Червячок сомнения зашевелился в его сердце. «А не стать ли мне тоже? – подумал Дробышев, глядя на сослуживцев. – Но о чем я буду говорить? Я не знаю, в чем я грешен?»
Он стоял и раздумывал, а очередь между тем двигалась.
Арбузов стоял в компании с Бардовским, Буреломовым и Стифом. Он, показывая пальцем на Вдовцова, насмешливо говорил:
– Глядите, Вдова и Вербой покаяться решили. Великие грешники!
Заметив на себе осуждающий взгляд Дробышева, Арбузов насмешливо сказал:
– Дробь, чего смотришь, становись и кайся.
После этих слов желание стать на исповедь как рукой сняло.
Арбузов, видя счастливое лицо Сидора, негромко крикнул ему:
– Сидор, ну теперь ты святой. Тебя хоть прям сейчас в рай впускай! Того и глядишь – из-за плечей крылья вырастут!
– Он щас взлетит! – насмешливо сказал Бардо.
Сидор помрачнел. Лицо его озлобилось.
Он подошёл к Арбузову, сказал:
– Що в тэбэ за звычка дурна? Взяты людям та вэсь настрий изгадиты?
Арбузов радостно заметил:
– А я такой вот!
Глава 25
Капитан Немоляев в очередной раз заступил дежурным по части. Обычно в месяц у него выходило около пяти нарядов.

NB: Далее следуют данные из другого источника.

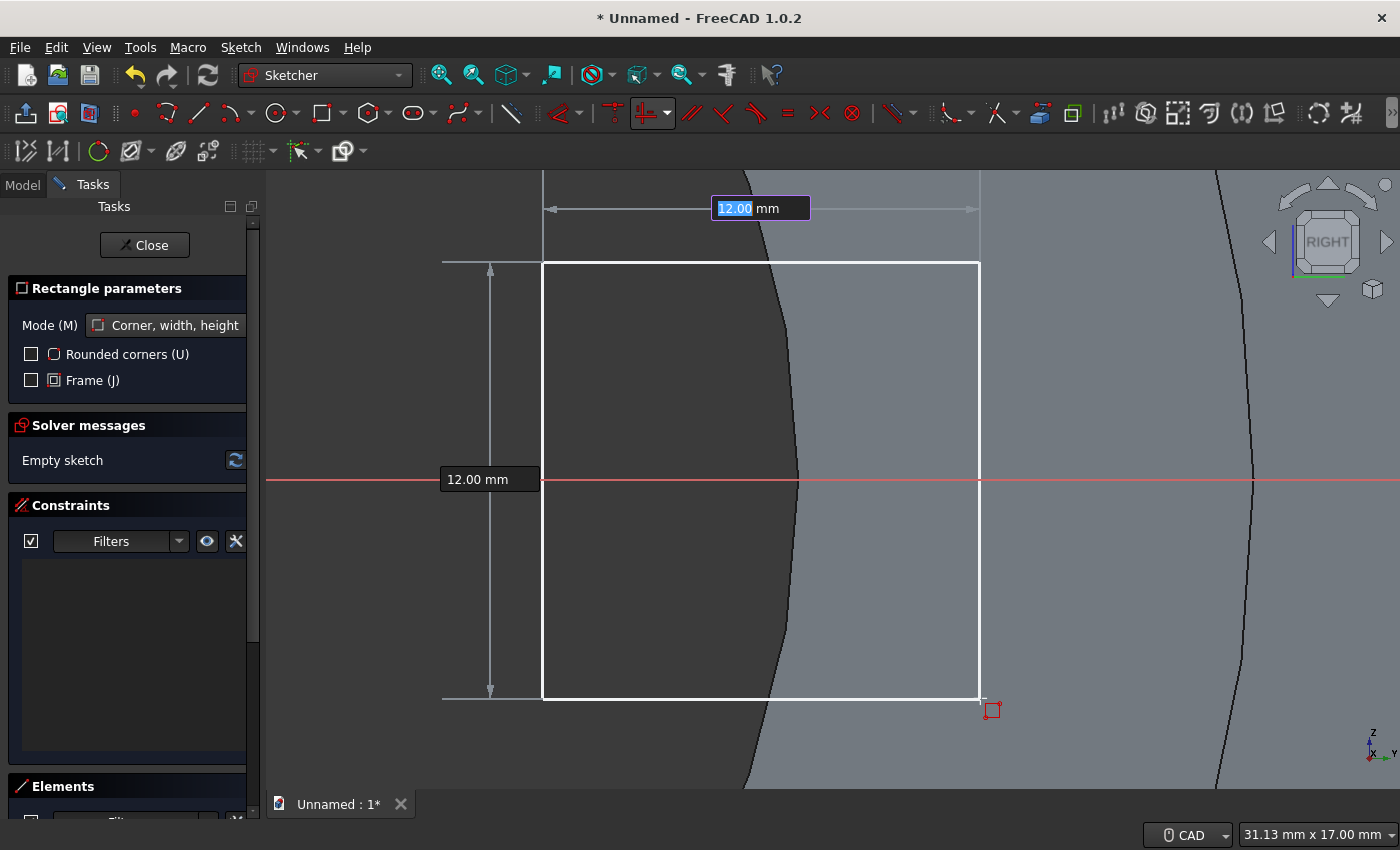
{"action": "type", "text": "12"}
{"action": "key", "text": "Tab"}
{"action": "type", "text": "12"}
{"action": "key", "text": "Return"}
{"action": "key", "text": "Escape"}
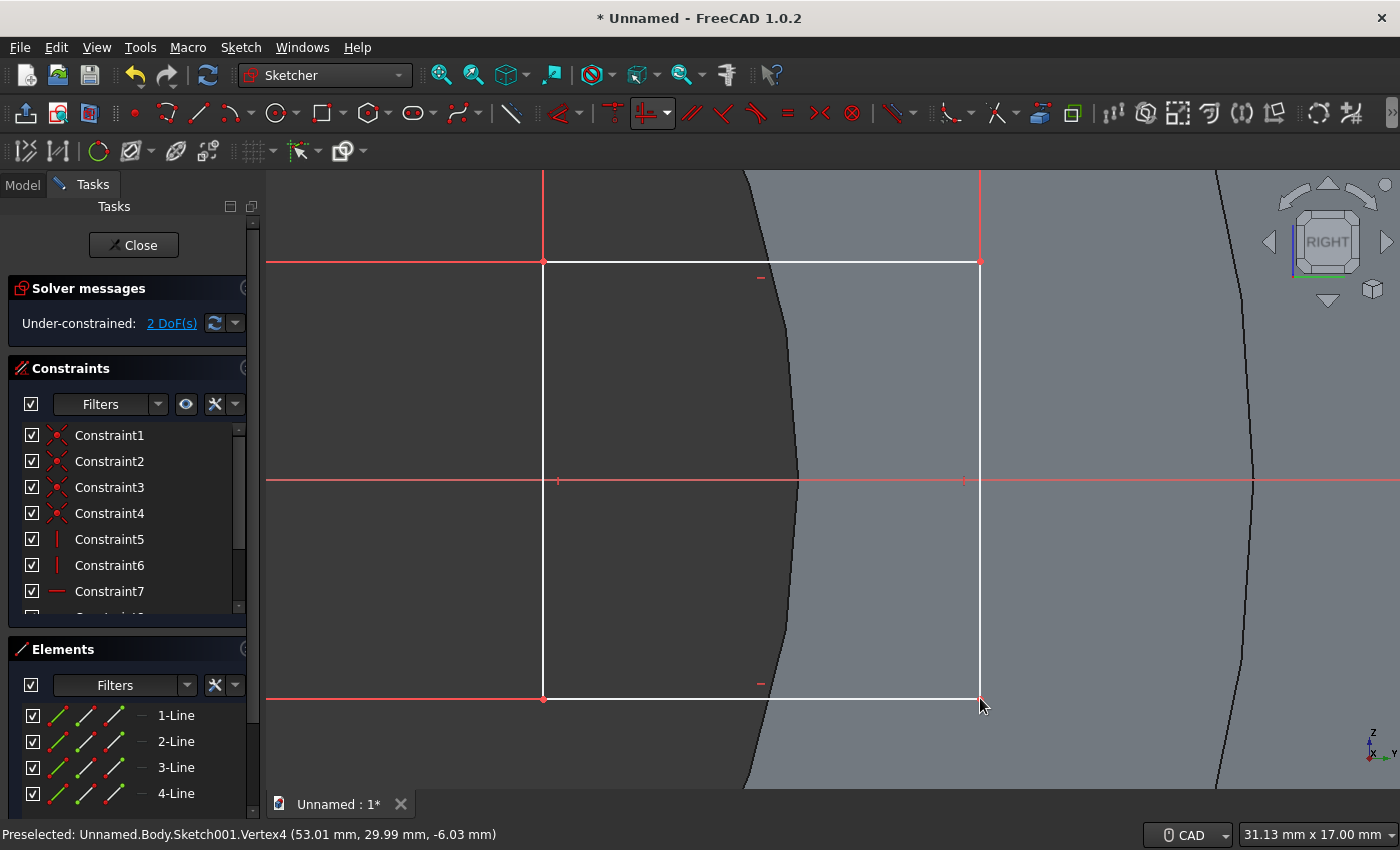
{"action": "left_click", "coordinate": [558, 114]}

В силу своего мировоззрения и обострённого чувства социальной ответственности он воспринимал жизнь как постоянную борьбу. После участия в Афганской войне и полученного на ней лёгкого ранения и в особенности после развала Советского Союза он, капитан Немоляев, коммунист по убеждениям, считал себя лично повинным в крушении Советского государства. Он чувствовал за собой моральную вину в том, что он не остался верен Военной Присяге. Он присягал на верность Союзу Советских Социалистических Республик, а это государство погибло у него на глазах. При полном малодушном молчании Армии.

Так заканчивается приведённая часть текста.